| Activity |
Of all the lines in the records below, copy only those that contain the string "cout".

Data extracted from a collection:
※ ※ ※
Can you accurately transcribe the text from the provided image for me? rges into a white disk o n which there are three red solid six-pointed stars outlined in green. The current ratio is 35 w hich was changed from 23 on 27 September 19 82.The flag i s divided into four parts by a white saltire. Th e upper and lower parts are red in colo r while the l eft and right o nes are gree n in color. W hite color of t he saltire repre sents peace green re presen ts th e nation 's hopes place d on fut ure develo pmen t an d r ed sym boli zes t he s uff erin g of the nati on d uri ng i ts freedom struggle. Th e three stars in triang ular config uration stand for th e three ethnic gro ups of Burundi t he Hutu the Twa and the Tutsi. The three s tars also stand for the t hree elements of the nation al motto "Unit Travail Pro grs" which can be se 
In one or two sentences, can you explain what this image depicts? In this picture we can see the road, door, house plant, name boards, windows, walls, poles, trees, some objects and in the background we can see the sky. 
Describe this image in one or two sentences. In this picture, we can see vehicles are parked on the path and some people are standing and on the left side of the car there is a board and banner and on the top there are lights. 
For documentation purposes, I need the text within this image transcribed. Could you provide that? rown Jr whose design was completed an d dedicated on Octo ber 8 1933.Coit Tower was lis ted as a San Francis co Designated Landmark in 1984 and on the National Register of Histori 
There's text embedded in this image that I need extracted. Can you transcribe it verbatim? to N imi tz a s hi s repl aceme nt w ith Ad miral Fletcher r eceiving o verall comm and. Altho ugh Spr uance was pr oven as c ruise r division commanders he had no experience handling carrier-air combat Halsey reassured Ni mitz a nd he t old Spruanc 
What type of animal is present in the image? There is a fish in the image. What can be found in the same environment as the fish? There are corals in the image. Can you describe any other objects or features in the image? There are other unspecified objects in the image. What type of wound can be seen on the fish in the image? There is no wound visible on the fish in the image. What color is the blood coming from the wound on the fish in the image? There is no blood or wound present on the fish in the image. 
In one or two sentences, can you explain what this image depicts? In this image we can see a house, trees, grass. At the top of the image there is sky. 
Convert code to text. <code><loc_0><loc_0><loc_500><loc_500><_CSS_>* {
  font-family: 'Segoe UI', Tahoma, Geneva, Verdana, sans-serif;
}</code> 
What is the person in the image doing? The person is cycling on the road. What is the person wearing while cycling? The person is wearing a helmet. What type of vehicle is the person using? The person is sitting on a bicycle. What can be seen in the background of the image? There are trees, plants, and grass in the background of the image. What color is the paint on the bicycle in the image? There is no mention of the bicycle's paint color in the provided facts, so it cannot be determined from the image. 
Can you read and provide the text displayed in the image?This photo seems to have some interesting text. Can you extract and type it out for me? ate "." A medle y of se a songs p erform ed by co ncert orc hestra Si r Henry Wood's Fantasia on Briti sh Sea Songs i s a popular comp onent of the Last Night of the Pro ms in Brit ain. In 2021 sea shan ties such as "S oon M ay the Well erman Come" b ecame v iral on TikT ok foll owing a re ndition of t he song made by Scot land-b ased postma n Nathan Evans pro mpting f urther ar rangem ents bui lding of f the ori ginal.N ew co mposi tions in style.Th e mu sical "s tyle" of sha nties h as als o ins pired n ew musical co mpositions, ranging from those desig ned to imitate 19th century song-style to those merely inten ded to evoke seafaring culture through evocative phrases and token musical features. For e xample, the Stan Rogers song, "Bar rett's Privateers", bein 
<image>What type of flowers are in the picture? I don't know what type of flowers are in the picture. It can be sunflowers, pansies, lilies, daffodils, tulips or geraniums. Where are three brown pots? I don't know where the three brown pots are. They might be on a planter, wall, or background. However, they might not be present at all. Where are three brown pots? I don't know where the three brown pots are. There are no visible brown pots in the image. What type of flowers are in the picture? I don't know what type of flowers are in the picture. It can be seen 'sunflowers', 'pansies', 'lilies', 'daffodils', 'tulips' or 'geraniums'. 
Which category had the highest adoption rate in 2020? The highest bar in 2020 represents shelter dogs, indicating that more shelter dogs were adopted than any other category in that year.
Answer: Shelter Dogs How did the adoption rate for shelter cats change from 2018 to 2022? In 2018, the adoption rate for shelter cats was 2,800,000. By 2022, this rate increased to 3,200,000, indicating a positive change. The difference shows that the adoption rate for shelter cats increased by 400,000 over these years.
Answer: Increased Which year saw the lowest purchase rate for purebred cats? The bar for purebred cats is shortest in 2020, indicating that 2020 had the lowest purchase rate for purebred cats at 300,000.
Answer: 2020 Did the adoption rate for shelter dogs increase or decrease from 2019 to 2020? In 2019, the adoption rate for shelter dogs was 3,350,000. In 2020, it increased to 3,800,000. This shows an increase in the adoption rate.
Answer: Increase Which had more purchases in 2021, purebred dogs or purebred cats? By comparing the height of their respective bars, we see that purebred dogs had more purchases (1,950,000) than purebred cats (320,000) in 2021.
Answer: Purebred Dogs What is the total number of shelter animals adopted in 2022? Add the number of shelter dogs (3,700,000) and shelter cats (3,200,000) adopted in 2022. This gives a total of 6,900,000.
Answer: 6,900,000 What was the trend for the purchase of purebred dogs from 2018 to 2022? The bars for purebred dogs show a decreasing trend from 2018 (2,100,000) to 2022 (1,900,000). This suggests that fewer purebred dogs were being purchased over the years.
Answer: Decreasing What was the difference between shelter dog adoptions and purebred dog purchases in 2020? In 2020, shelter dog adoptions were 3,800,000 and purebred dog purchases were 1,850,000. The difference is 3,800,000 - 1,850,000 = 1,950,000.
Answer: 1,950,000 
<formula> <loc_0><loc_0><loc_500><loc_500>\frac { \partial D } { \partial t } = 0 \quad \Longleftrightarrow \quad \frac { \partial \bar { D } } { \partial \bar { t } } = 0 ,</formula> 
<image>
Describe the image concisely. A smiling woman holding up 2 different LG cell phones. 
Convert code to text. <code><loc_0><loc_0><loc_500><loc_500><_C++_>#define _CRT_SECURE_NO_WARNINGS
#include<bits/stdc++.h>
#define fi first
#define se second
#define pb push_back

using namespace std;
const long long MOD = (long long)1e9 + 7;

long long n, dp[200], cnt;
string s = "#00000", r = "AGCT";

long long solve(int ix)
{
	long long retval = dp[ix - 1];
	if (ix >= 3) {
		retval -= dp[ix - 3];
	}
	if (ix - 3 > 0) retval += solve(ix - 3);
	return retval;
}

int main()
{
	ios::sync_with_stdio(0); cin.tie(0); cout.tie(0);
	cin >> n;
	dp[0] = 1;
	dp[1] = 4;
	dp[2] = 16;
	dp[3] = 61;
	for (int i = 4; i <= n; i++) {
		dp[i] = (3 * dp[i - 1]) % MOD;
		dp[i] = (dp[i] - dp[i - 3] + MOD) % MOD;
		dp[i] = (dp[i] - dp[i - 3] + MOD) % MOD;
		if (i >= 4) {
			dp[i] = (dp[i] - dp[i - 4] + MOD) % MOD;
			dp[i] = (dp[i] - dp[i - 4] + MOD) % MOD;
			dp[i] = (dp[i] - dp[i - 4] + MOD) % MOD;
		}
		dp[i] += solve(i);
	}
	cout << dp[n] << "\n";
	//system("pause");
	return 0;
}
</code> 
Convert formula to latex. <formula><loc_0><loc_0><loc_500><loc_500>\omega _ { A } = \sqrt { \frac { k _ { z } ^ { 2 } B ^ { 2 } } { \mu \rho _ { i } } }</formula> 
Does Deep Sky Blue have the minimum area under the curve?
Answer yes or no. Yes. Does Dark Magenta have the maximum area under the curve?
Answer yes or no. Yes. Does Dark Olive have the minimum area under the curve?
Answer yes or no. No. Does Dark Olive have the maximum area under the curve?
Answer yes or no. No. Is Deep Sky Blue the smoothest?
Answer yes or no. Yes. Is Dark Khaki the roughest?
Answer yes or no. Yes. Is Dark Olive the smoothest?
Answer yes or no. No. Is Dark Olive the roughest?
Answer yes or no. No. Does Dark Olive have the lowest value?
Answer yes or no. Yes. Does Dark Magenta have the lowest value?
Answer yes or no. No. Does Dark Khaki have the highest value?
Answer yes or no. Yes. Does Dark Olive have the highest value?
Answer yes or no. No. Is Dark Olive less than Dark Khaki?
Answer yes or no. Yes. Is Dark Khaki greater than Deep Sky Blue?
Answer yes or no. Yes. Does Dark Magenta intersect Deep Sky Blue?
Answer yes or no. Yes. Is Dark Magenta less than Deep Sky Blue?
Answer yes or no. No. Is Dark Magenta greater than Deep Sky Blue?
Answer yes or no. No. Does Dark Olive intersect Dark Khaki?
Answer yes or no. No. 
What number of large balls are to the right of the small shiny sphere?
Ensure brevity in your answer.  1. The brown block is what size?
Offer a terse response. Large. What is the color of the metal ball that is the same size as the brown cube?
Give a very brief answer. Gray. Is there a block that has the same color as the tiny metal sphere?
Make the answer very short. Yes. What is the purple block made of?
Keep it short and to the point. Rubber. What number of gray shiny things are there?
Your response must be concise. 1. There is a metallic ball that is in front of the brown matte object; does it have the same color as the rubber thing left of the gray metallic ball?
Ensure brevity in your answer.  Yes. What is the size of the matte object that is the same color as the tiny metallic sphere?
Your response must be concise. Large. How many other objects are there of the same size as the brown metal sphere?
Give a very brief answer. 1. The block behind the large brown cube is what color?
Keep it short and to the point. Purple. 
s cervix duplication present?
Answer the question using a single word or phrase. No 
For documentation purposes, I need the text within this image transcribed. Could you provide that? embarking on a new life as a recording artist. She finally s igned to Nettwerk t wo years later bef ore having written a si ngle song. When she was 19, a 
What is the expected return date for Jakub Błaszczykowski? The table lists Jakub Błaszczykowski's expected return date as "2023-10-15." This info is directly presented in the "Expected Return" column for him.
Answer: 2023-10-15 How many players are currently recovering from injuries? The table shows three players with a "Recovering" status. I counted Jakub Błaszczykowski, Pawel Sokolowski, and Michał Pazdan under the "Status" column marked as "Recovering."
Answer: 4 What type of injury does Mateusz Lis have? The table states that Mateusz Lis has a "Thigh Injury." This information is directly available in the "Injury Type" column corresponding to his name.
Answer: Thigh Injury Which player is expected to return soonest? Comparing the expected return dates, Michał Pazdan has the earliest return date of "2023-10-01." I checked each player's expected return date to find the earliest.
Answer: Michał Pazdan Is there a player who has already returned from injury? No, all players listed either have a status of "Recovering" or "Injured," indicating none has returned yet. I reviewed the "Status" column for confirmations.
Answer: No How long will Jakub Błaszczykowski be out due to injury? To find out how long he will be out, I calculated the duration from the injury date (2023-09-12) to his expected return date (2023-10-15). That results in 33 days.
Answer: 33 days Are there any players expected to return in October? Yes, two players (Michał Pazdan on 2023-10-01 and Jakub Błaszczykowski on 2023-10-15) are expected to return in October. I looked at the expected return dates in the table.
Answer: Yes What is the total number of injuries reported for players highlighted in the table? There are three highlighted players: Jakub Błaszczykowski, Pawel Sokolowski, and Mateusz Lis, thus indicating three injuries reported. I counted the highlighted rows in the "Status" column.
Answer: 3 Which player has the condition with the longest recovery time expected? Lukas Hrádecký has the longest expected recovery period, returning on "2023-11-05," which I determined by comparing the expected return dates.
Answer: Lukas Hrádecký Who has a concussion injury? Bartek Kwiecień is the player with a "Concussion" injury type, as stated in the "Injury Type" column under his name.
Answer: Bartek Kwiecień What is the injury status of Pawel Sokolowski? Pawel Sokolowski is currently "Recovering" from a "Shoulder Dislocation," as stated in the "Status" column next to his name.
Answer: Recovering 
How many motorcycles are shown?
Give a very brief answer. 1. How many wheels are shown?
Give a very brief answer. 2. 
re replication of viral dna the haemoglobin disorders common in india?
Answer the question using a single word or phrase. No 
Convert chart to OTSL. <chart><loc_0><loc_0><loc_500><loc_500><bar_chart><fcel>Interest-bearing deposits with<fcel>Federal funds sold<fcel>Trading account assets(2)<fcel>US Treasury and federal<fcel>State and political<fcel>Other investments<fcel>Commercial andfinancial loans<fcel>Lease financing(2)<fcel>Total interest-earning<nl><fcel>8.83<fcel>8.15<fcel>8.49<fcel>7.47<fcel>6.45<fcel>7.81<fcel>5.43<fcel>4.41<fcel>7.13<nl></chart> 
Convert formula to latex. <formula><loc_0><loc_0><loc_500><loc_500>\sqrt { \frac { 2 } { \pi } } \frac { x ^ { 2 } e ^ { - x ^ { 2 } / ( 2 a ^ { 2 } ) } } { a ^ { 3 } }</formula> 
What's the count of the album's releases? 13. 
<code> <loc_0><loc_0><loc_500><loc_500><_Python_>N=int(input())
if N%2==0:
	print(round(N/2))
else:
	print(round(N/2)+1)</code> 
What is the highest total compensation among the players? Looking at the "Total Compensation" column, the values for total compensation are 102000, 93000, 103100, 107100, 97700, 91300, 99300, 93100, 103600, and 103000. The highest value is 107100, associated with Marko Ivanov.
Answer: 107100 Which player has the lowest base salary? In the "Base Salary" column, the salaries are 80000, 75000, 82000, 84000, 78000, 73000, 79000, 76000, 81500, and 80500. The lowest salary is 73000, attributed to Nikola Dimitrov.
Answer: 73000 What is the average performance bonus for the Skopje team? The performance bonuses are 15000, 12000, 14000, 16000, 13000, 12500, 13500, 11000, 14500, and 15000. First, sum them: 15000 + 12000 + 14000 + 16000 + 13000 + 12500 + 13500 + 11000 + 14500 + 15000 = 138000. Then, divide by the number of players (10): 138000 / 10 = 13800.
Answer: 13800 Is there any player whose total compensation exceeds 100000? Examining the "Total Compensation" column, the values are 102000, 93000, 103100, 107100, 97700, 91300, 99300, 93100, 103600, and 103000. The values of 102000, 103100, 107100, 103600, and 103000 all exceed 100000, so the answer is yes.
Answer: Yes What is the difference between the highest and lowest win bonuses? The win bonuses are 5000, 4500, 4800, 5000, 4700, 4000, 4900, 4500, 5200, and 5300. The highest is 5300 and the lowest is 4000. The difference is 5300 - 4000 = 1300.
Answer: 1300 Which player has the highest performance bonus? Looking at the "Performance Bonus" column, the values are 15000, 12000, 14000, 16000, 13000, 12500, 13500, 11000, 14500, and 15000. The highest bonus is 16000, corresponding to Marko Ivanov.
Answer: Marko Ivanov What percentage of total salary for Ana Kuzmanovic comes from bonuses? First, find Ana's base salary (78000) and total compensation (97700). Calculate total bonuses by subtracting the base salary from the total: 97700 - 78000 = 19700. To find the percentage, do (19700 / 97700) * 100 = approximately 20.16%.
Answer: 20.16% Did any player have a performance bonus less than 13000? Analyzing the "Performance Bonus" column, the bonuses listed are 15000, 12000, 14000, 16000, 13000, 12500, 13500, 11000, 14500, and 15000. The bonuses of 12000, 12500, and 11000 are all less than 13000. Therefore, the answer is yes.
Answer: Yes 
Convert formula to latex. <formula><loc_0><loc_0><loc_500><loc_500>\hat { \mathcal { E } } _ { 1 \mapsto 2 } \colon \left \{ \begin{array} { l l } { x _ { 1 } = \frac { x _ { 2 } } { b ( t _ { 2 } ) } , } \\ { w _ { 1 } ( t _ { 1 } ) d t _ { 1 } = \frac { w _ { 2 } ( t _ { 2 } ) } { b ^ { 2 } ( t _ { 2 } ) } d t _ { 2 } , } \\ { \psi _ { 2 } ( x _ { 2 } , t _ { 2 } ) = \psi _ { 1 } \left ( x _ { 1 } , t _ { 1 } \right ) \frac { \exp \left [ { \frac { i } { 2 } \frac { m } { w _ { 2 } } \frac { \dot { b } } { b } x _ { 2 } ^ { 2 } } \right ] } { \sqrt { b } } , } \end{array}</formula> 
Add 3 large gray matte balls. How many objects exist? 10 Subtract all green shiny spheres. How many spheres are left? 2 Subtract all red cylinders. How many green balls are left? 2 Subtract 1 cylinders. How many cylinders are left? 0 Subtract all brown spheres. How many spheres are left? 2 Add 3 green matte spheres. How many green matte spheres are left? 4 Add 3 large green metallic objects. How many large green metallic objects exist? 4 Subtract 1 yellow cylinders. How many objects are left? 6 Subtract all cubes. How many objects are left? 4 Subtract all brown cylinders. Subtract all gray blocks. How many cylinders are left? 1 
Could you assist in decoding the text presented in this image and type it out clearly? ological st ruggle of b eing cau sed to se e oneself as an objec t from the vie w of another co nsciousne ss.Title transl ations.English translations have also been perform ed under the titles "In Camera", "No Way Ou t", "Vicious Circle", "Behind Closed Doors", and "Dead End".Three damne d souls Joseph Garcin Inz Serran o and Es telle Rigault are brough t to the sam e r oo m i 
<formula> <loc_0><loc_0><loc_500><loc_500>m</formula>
※ ※ ※
| Answer space |
	ios::sync_with_stdio(0); cin.tie(0); cout.tie(0);
	cout << dp[n] << "\n";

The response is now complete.